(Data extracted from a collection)
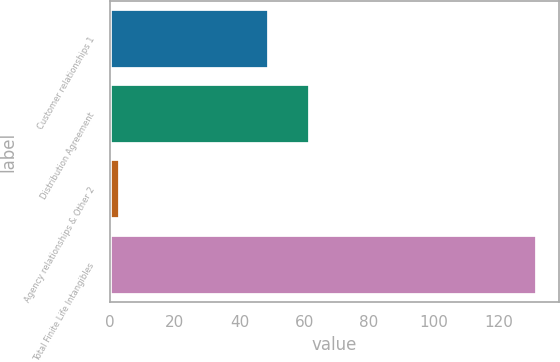Convert chart to OTSL. <chart><loc_0><loc_0><loc_500><loc_500><bar_chart><fcel>Customer relationships 1<fcel>Distribution Agreement<fcel>Agency relationships & Other 2<fcel>Total Finite Life Intangibles<nl><fcel>49<fcel>61.9<fcel>3<fcel>132<nl></chart> 
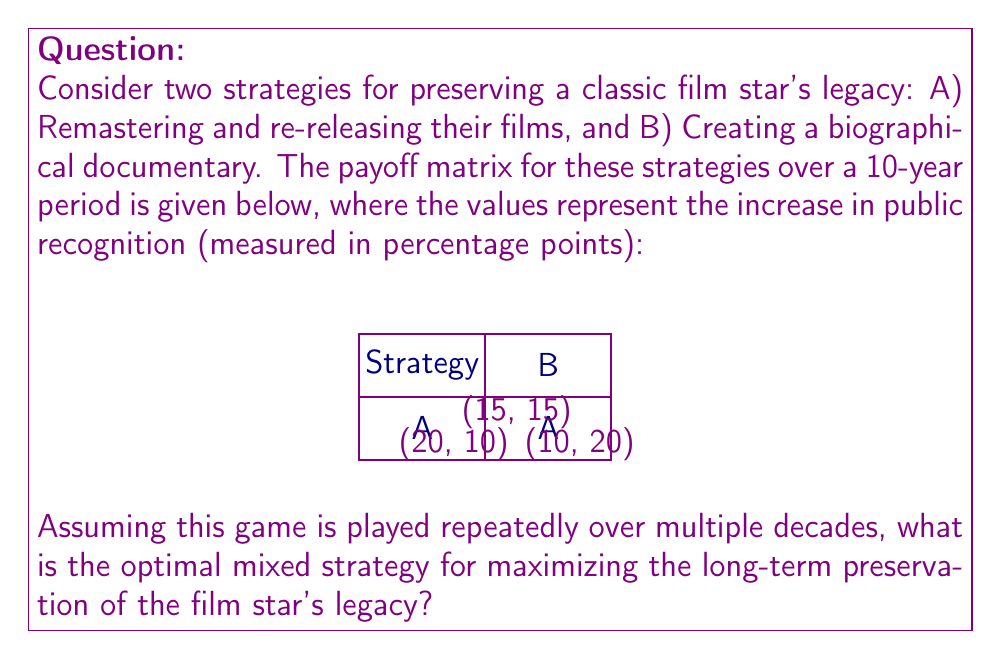Show me your answer to this math problem. To solve this problem, we'll use the concept of mixed strategy Nash equilibrium from game theory. Let's approach this step-by-step:

1) Let $p$ be the probability of choosing strategy A, and $(1-p)$ the probability of choosing strategy B.

2) For a mixed strategy equilibrium, the expected payoff of both strategies should be equal:

   $15p + 20(1-p) = 15p + 10(1-p)$

3) Simplify the equation:

   $15p + 20 - 20p = 15p + 10 - 10p$
   $-5p + 20 = 5p + 10$
   $10 = 10p$
   $p = 1$

4) This result suggests that the pure strategy A (always choosing to remaster and re-release films) is optimal.

5) To verify, let's calculate the expected payoff for each pure strategy:

   Strategy A: $15 * 1 + 20 * 0 = 15$
   Strategy B: $10 * 1 + 15 * 0 = 10$

6) Indeed, strategy A yields a higher expected payoff in the long run.

7) Intuitively, this makes sense because remastering and re-releasing films directly exposes the audience to the star's work, which is likely to have a more substantial impact on preserving their legacy compared to a biographical documentary.
Answer: Pure strategy A (always remaster and re-release films) with $p = 1$ 
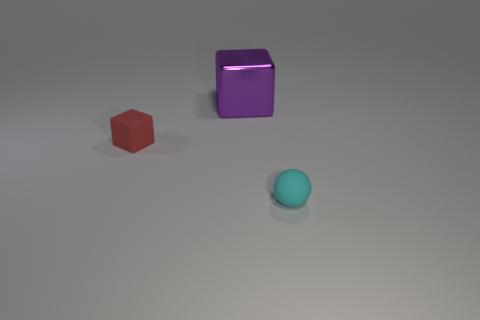Are there any other things that have the same material as the purple object?
Offer a terse response. No. There is a purple cube behind the small cyan rubber thing that is on the right side of the tiny matte object behind the small matte ball; what is its material?
Give a very brief answer. Metal. How many other objects are the same size as the purple object?
Provide a succinct answer. 0. Are there more objects to the right of the tiny red block than small red matte things?
Make the answer very short. Yes. The ball that is the same size as the red block is what color?
Offer a terse response. Cyan. There is a matte thing left of the big cube; what number of small red things are to the right of it?
Provide a short and direct response. 0. What number of objects are either tiny matte objects behind the cyan ball or gray shiny blocks?
Keep it short and to the point. 1. What number of other spheres are made of the same material as the small cyan sphere?
Your response must be concise. 0. Are there the same number of cyan rubber balls to the right of the small cyan matte thing and gray rubber spheres?
Give a very brief answer. Yes. There is a cube behind the red matte object; how big is it?
Your response must be concise. Large. 
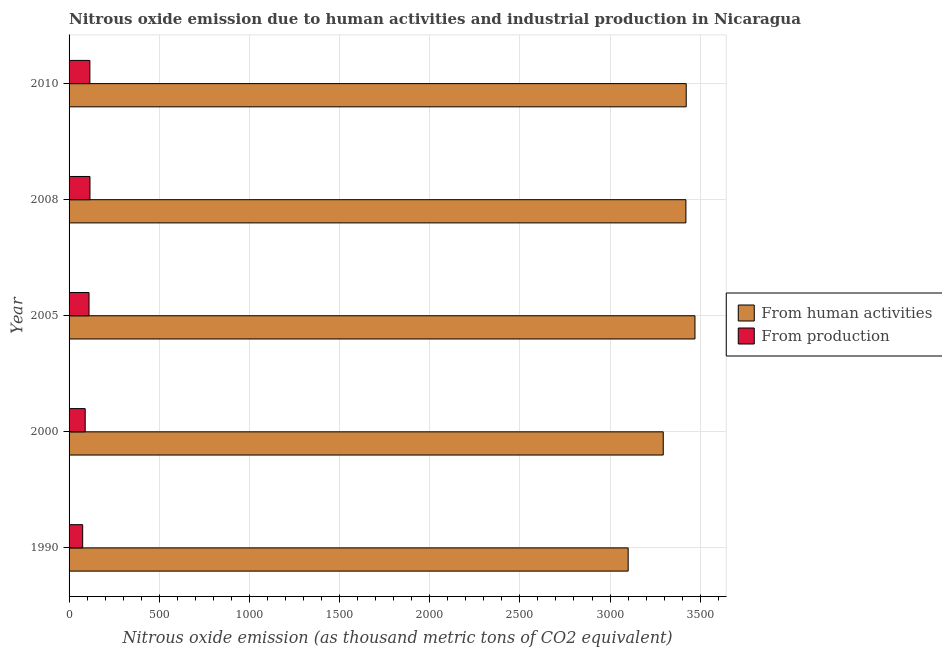How many different coloured bars are there?
Your response must be concise. 2. How many bars are there on the 1st tick from the bottom?
Ensure brevity in your answer.  2. What is the label of the 4th group of bars from the top?
Provide a short and direct response. 2000. In how many cases, is the number of bars for a given year not equal to the number of legend labels?
Your answer should be compact. 0. What is the amount of emissions from human activities in 2008?
Your answer should be very brief. 3420.8. Across all years, what is the maximum amount of emissions from human activities?
Offer a very short reply. 3471. Across all years, what is the minimum amount of emissions generated from industries?
Give a very brief answer. 75.4. In which year was the amount of emissions from human activities minimum?
Your answer should be very brief. 1990. What is the total amount of emissions generated from industries in the graph?
Make the answer very short. 506.9. What is the difference between the amount of emissions generated from industries in 2000 and that in 2010?
Keep it short and to the point. -25.9. What is the difference between the amount of emissions generated from industries in 2000 and the amount of emissions from human activities in 2008?
Your answer should be very brief. -3331.3. What is the average amount of emissions generated from industries per year?
Keep it short and to the point. 101.38. In the year 1990, what is the difference between the amount of emissions generated from industries and amount of emissions from human activities?
Offer a terse response. -3025.2. What is the ratio of the amount of emissions generated from industries in 1990 to that in 2008?
Offer a terse response. 0.65. Is the amount of emissions generated from industries in 2008 less than that in 2010?
Give a very brief answer. No. What is the difference between the highest and the second highest amount of emissions from human activities?
Your answer should be compact. 48.5. What is the difference between the highest and the lowest amount of emissions generated from industries?
Provide a succinct answer. 40.5. What does the 1st bar from the top in 1990 represents?
Your answer should be compact. From production. What does the 2nd bar from the bottom in 1990 represents?
Give a very brief answer. From production. How many years are there in the graph?
Offer a very short reply. 5. What is the difference between two consecutive major ticks on the X-axis?
Keep it short and to the point. 500. Where does the legend appear in the graph?
Ensure brevity in your answer.  Center right. What is the title of the graph?
Provide a short and direct response. Nitrous oxide emission due to human activities and industrial production in Nicaragua. Does "Current education expenditure" appear as one of the legend labels in the graph?
Offer a terse response. No. What is the label or title of the X-axis?
Your response must be concise. Nitrous oxide emission (as thousand metric tons of CO2 equivalent). What is the label or title of the Y-axis?
Make the answer very short. Year. What is the Nitrous oxide emission (as thousand metric tons of CO2 equivalent) in From human activities in 1990?
Make the answer very short. 3100.6. What is the Nitrous oxide emission (as thousand metric tons of CO2 equivalent) of From production in 1990?
Provide a succinct answer. 75.4. What is the Nitrous oxide emission (as thousand metric tons of CO2 equivalent) of From human activities in 2000?
Provide a succinct answer. 3295.1. What is the Nitrous oxide emission (as thousand metric tons of CO2 equivalent) in From production in 2000?
Keep it short and to the point. 89.5. What is the Nitrous oxide emission (as thousand metric tons of CO2 equivalent) in From human activities in 2005?
Provide a succinct answer. 3471. What is the Nitrous oxide emission (as thousand metric tons of CO2 equivalent) of From production in 2005?
Your answer should be very brief. 110.7. What is the Nitrous oxide emission (as thousand metric tons of CO2 equivalent) in From human activities in 2008?
Your response must be concise. 3420.8. What is the Nitrous oxide emission (as thousand metric tons of CO2 equivalent) of From production in 2008?
Provide a short and direct response. 115.9. What is the Nitrous oxide emission (as thousand metric tons of CO2 equivalent) of From human activities in 2010?
Your response must be concise. 3422.5. What is the Nitrous oxide emission (as thousand metric tons of CO2 equivalent) of From production in 2010?
Your response must be concise. 115.4. Across all years, what is the maximum Nitrous oxide emission (as thousand metric tons of CO2 equivalent) in From human activities?
Make the answer very short. 3471. Across all years, what is the maximum Nitrous oxide emission (as thousand metric tons of CO2 equivalent) of From production?
Provide a short and direct response. 115.9. Across all years, what is the minimum Nitrous oxide emission (as thousand metric tons of CO2 equivalent) in From human activities?
Offer a very short reply. 3100.6. Across all years, what is the minimum Nitrous oxide emission (as thousand metric tons of CO2 equivalent) of From production?
Your answer should be very brief. 75.4. What is the total Nitrous oxide emission (as thousand metric tons of CO2 equivalent) of From human activities in the graph?
Your answer should be very brief. 1.67e+04. What is the total Nitrous oxide emission (as thousand metric tons of CO2 equivalent) of From production in the graph?
Make the answer very short. 506.9. What is the difference between the Nitrous oxide emission (as thousand metric tons of CO2 equivalent) of From human activities in 1990 and that in 2000?
Provide a short and direct response. -194.5. What is the difference between the Nitrous oxide emission (as thousand metric tons of CO2 equivalent) in From production in 1990 and that in 2000?
Offer a very short reply. -14.1. What is the difference between the Nitrous oxide emission (as thousand metric tons of CO2 equivalent) of From human activities in 1990 and that in 2005?
Offer a very short reply. -370.4. What is the difference between the Nitrous oxide emission (as thousand metric tons of CO2 equivalent) in From production in 1990 and that in 2005?
Offer a terse response. -35.3. What is the difference between the Nitrous oxide emission (as thousand metric tons of CO2 equivalent) of From human activities in 1990 and that in 2008?
Give a very brief answer. -320.2. What is the difference between the Nitrous oxide emission (as thousand metric tons of CO2 equivalent) in From production in 1990 and that in 2008?
Provide a short and direct response. -40.5. What is the difference between the Nitrous oxide emission (as thousand metric tons of CO2 equivalent) of From human activities in 1990 and that in 2010?
Offer a very short reply. -321.9. What is the difference between the Nitrous oxide emission (as thousand metric tons of CO2 equivalent) of From human activities in 2000 and that in 2005?
Your response must be concise. -175.9. What is the difference between the Nitrous oxide emission (as thousand metric tons of CO2 equivalent) in From production in 2000 and that in 2005?
Keep it short and to the point. -21.2. What is the difference between the Nitrous oxide emission (as thousand metric tons of CO2 equivalent) of From human activities in 2000 and that in 2008?
Your response must be concise. -125.7. What is the difference between the Nitrous oxide emission (as thousand metric tons of CO2 equivalent) of From production in 2000 and that in 2008?
Your answer should be very brief. -26.4. What is the difference between the Nitrous oxide emission (as thousand metric tons of CO2 equivalent) of From human activities in 2000 and that in 2010?
Offer a very short reply. -127.4. What is the difference between the Nitrous oxide emission (as thousand metric tons of CO2 equivalent) of From production in 2000 and that in 2010?
Your answer should be very brief. -25.9. What is the difference between the Nitrous oxide emission (as thousand metric tons of CO2 equivalent) of From human activities in 2005 and that in 2008?
Your answer should be very brief. 50.2. What is the difference between the Nitrous oxide emission (as thousand metric tons of CO2 equivalent) in From human activities in 2005 and that in 2010?
Provide a succinct answer. 48.5. What is the difference between the Nitrous oxide emission (as thousand metric tons of CO2 equivalent) in From production in 2005 and that in 2010?
Provide a succinct answer. -4.7. What is the difference between the Nitrous oxide emission (as thousand metric tons of CO2 equivalent) of From human activities in 1990 and the Nitrous oxide emission (as thousand metric tons of CO2 equivalent) of From production in 2000?
Provide a succinct answer. 3011.1. What is the difference between the Nitrous oxide emission (as thousand metric tons of CO2 equivalent) of From human activities in 1990 and the Nitrous oxide emission (as thousand metric tons of CO2 equivalent) of From production in 2005?
Make the answer very short. 2989.9. What is the difference between the Nitrous oxide emission (as thousand metric tons of CO2 equivalent) of From human activities in 1990 and the Nitrous oxide emission (as thousand metric tons of CO2 equivalent) of From production in 2008?
Make the answer very short. 2984.7. What is the difference between the Nitrous oxide emission (as thousand metric tons of CO2 equivalent) in From human activities in 1990 and the Nitrous oxide emission (as thousand metric tons of CO2 equivalent) in From production in 2010?
Your response must be concise. 2985.2. What is the difference between the Nitrous oxide emission (as thousand metric tons of CO2 equivalent) of From human activities in 2000 and the Nitrous oxide emission (as thousand metric tons of CO2 equivalent) of From production in 2005?
Provide a succinct answer. 3184.4. What is the difference between the Nitrous oxide emission (as thousand metric tons of CO2 equivalent) of From human activities in 2000 and the Nitrous oxide emission (as thousand metric tons of CO2 equivalent) of From production in 2008?
Your answer should be compact. 3179.2. What is the difference between the Nitrous oxide emission (as thousand metric tons of CO2 equivalent) of From human activities in 2000 and the Nitrous oxide emission (as thousand metric tons of CO2 equivalent) of From production in 2010?
Offer a terse response. 3179.7. What is the difference between the Nitrous oxide emission (as thousand metric tons of CO2 equivalent) in From human activities in 2005 and the Nitrous oxide emission (as thousand metric tons of CO2 equivalent) in From production in 2008?
Your answer should be very brief. 3355.1. What is the difference between the Nitrous oxide emission (as thousand metric tons of CO2 equivalent) of From human activities in 2005 and the Nitrous oxide emission (as thousand metric tons of CO2 equivalent) of From production in 2010?
Your answer should be very brief. 3355.6. What is the difference between the Nitrous oxide emission (as thousand metric tons of CO2 equivalent) in From human activities in 2008 and the Nitrous oxide emission (as thousand metric tons of CO2 equivalent) in From production in 2010?
Offer a very short reply. 3305.4. What is the average Nitrous oxide emission (as thousand metric tons of CO2 equivalent) of From human activities per year?
Give a very brief answer. 3342. What is the average Nitrous oxide emission (as thousand metric tons of CO2 equivalent) of From production per year?
Your answer should be very brief. 101.38. In the year 1990, what is the difference between the Nitrous oxide emission (as thousand metric tons of CO2 equivalent) of From human activities and Nitrous oxide emission (as thousand metric tons of CO2 equivalent) of From production?
Your response must be concise. 3025.2. In the year 2000, what is the difference between the Nitrous oxide emission (as thousand metric tons of CO2 equivalent) in From human activities and Nitrous oxide emission (as thousand metric tons of CO2 equivalent) in From production?
Ensure brevity in your answer.  3205.6. In the year 2005, what is the difference between the Nitrous oxide emission (as thousand metric tons of CO2 equivalent) in From human activities and Nitrous oxide emission (as thousand metric tons of CO2 equivalent) in From production?
Your response must be concise. 3360.3. In the year 2008, what is the difference between the Nitrous oxide emission (as thousand metric tons of CO2 equivalent) in From human activities and Nitrous oxide emission (as thousand metric tons of CO2 equivalent) in From production?
Your response must be concise. 3304.9. In the year 2010, what is the difference between the Nitrous oxide emission (as thousand metric tons of CO2 equivalent) in From human activities and Nitrous oxide emission (as thousand metric tons of CO2 equivalent) in From production?
Your answer should be compact. 3307.1. What is the ratio of the Nitrous oxide emission (as thousand metric tons of CO2 equivalent) in From human activities in 1990 to that in 2000?
Keep it short and to the point. 0.94. What is the ratio of the Nitrous oxide emission (as thousand metric tons of CO2 equivalent) in From production in 1990 to that in 2000?
Offer a terse response. 0.84. What is the ratio of the Nitrous oxide emission (as thousand metric tons of CO2 equivalent) in From human activities in 1990 to that in 2005?
Your answer should be very brief. 0.89. What is the ratio of the Nitrous oxide emission (as thousand metric tons of CO2 equivalent) of From production in 1990 to that in 2005?
Provide a succinct answer. 0.68. What is the ratio of the Nitrous oxide emission (as thousand metric tons of CO2 equivalent) in From human activities in 1990 to that in 2008?
Provide a short and direct response. 0.91. What is the ratio of the Nitrous oxide emission (as thousand metric tons of CO2 equivalent) in From production in 1990 to that in 2008?
Keep it short and to the point. 0.65. What is the ratio of the Nitrous oxide emission (as thousand metric tons of CO2 equivalent) of From human activities in 1990 to that in 2010?
Give a very brief answer. 0.91. What is the ratio of the Nitrous oxide emission (as thousand metric tons of CO2 equivalent) of From production in 1990 to that in 2010?
Offer a terse response. 0.65. What is the ratio of the Nitrous oxide emission (as thousand metric tons of CO2 equivalent) in From human activities in 2000 to that in 2005?
Keep it short and to the point. 0.95. What is the ratio of the Nitrous oxide emission (as thousand metric tons of CO2 equivalent) in From production in 2000 to that in 2005?
Provide a short and direct response. 0.81. What is the ratio of the Nitrous oxide emission (as thousand metric tons of CO2 equivalent) of From human activities in 2000 to that in 2008?
Offer a terse response. 0.96. What is the ratio of the Nitrous oxide emission (as thousand metric tons of CO2 equivalent) of From production in 2000 to that in 2008?
Your answer should be very brief. 0.77. What is the ratio of the Nitrous oxide emission (as thousand metric tons of CO2 equivalent) of From human activities in 2000 to that in 2010?
Give a very brief answer. 0.96. What is the ratio of the Nitrous oxide emission (as thousand metric tons of CO2 equivalent) of From production in 2000 to that in 2010?
Provide a succinct answer. 0.78. What is the ratio of the Nitrous oxide emission (as thousand metric tons of CO2 equivalent) in From human activities in 2005 to that in 2008?
Provide a short and direct response. 1.01. What is the ratio of the Nitrous oxide emission (as thousand metric tons of CO2 equivalent) of From production in 2005 to that in 2008?
Provide a short and direct response. 0.96. What is the ratio of the Nitrous oxide emission (as thousand metric tons of CO2 equivalent) of From human activities in 2005 to that in 2010?
Provide a short and direct response. 1.01. What is the ratio of the Nitrous oxide emission (as thousand metric tons of CO2 equivalent) in From production in 2005 to that in 2010?
Offer a very short reply. 0.96. What is the difference between the highest and the second highest Nitrous oxide emission (as thousand metric tons of CO2 equivalent) in From human activities?
Keep it short and to the point. 48.5. What is the difference between the highest and the lowest Nitrous oxide emission (as thousand metric tons of CO2 equivalent) in From human activities?
Offer a terse response. 370.4. What is the difference between the highest and the lowest Nitrous oxide emission (as thousand metric tons of CO2 equivalent) in From production?
Give a very brief answer. 40.5.

* Task to complete *
If the word "cube" is on a line above, return that line.

* Exercise output *
Offer a terse response. No. There is a purple cube behind the small cyan rubber thing that is on the right side of the tiny matte object behind the small matte ball; what is its material?
Offer a terse response. Cyan. There is a matte thing left of the big cube; what number of small red things are to the right of it?
Give a very brief answer. Yes. There is a cube behind the red matte object; how big is it?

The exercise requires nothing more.